Bolsonaristas ferrenhos são cada vez menos e cada vez mais radicais
Os adeptos mais ferozes de Jair Bolsonaro nas redes sociais, considerados essenciais na campanha para a sua eleição, está a diminuir - são as sondagens de todos os institutos de pesquisa que o afirmam. E, em paralelo, estão a radicalizar-se, ao ponto da maioria até criticar o presidente por não estar a ser fiel às políticas de (extrema) direita prometidas - são as pesquisas realizadas por académicos que o dizem.
Comecemos pela matemática: sondagem da CNT-MDA de fevereiro, cumprido o primeiro mês de mandato, revelava 19% de opiniões negativas do governo; segundo as 2002 entrevistas dos dias 22 a 25 de agosto, em 137 municípios brasileiros, com margem de erro de 2,2%, os descontentes com o executivo são agora 39,5%, um aumento de mais de 20 pontos em cerca de seis meses.
A avaliação do próprio chefe de estado caiu, por sua vez, 16,5%. Em fevereiro, 57,5% ainda aprovavam o recem eleito presidente da República; em agosto, apenas 41%. Os que desaprovavam subiram, entretanto, 25,5% pontos de então para cá.
No entanto, a faixa de eleitores que se pretende aqui analisar é a dos que consideram o desempenho do governo "ótimo", ou seja, os seus mais fiéis apoiantes, os bolsonaristas convictos ou, na versão pejorativa, os bolsominions, num jogo de palavras com o nome em inglês dos "mínimos", o exército de seres amarelos que trabalha para o malvado Gru, personagem de animação dos filmes "Gru, O Mal Disposto".
Esses hoje não passam de 8%, ainda de acordo com aquela sondagem.
Mas, claro, que essa sondagem, como outras pesquisas de opinião, ou como qualquer organismo ou indivíduo que represente uma notícia desagradável a Bolsonaro será imediatamente desacreditada nas tais redes sociais que sustentaram a candidatura do então capitão do exército e deputado de baixo clero e derrubaram os concorrentes com muito mais tempo de antena televisivo.
E isso leva-nos do primeiro ponto - são cada vez menos - ao segundo: estão a ficar cada vez mais radicalizados.
David Nemer, professor titular e pesquisador no Departamento de Estudos de Media na Universidade da Virgínia, especialista em Antropologia da Informática e autor do livro "Favela Digital: O outro lado da tecnologia", esteve por quase um ano inserido em quatro grupos de WhatsApp de apoiantes de Bolsonaro para entender o seu funcionamento.
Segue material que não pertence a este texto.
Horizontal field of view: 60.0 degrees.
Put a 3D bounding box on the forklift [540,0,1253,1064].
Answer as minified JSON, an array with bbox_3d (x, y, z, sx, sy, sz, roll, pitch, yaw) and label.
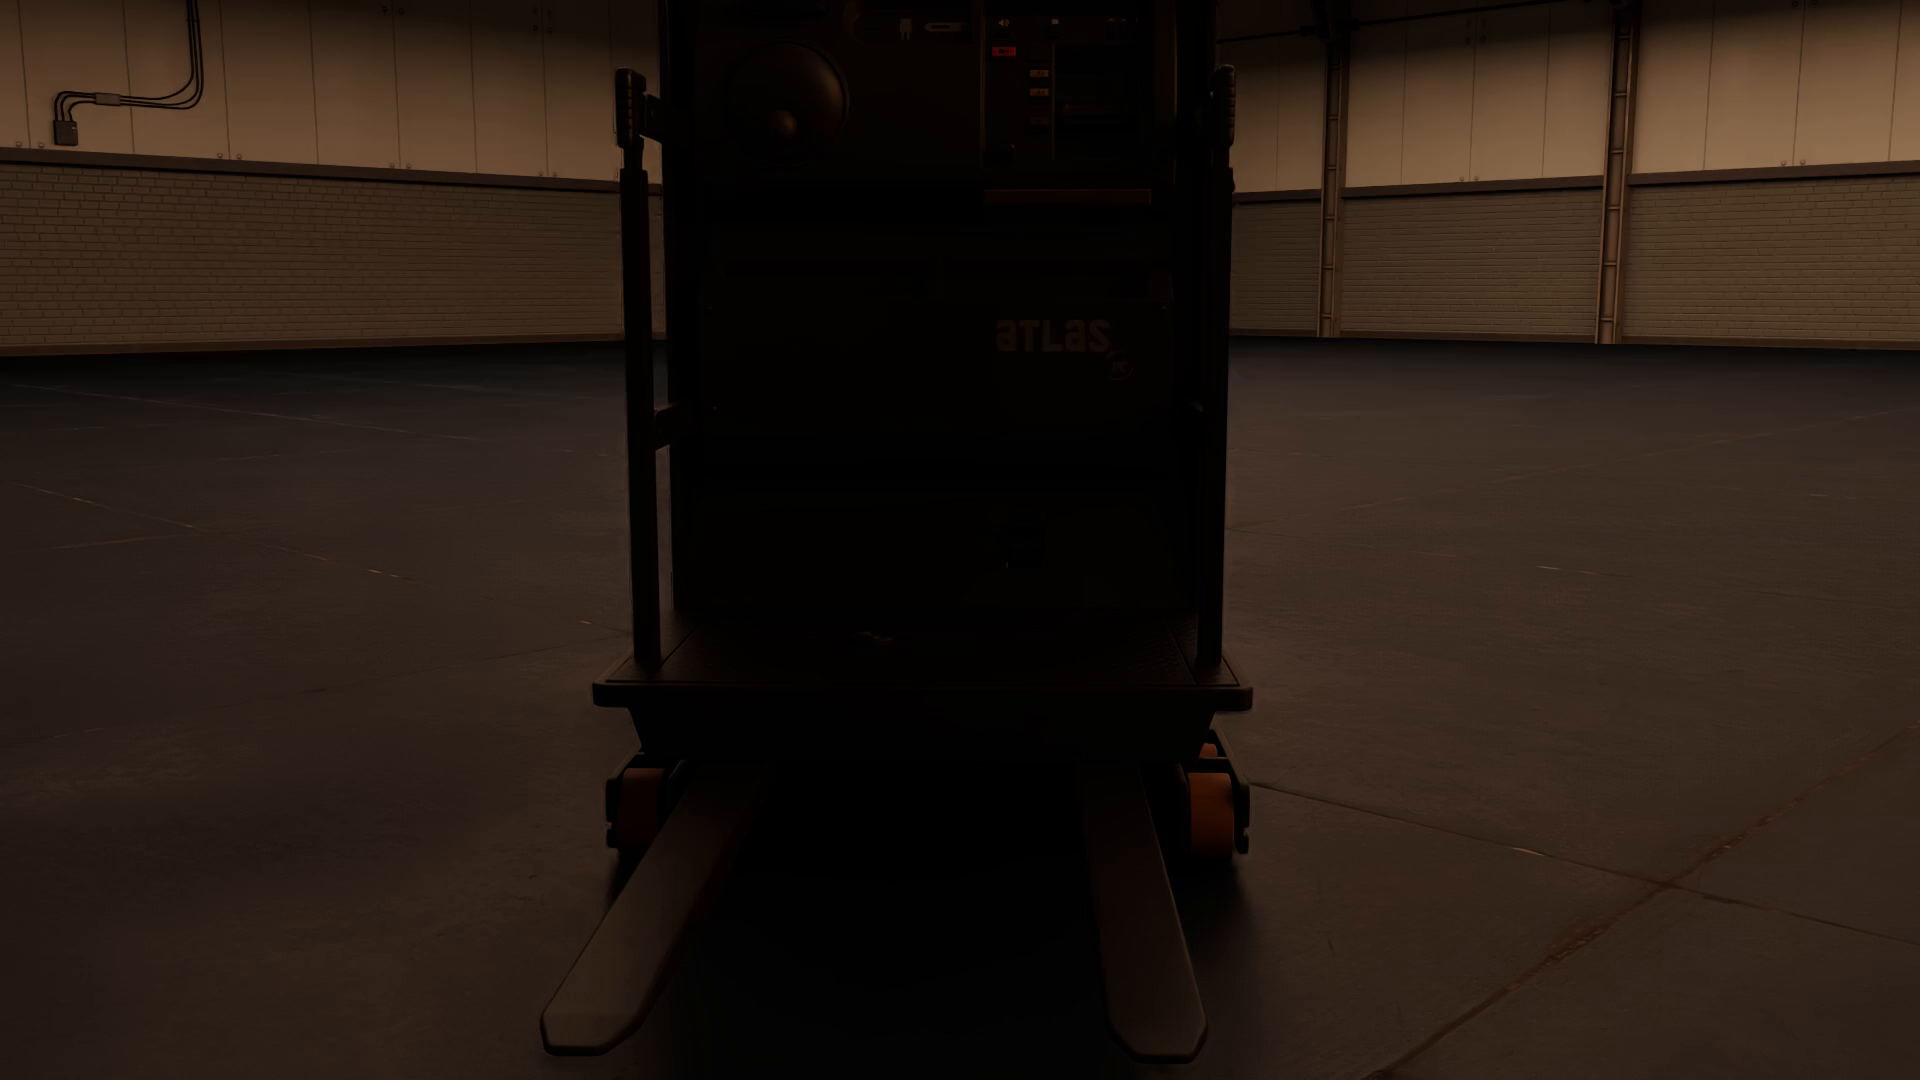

Ele aceitou contar ao DN parte da pesquisa.
"A maior parte dos membros desses grupos, durante as eleições, estava preocupado em ter acesso a conteúdo que pudesse reafirmar o apoio deles ao Bolsonaro assim como promover o candidato em outros grupos de WhatsApp e usar esses conteúdos para discutir com pessoas que votariam em outros candidatos, como o candidato do PT, Fernando Haddad".
Com a eleição de Bolsonaro (e derrota de Haddad) consumada, parte desses membros saiu dos grupos. "Até porque eles são extremamente ativos: na época das eleições, em quatro grupos, eu recebia em torno de 100 mensagens por dia", diz Nemer.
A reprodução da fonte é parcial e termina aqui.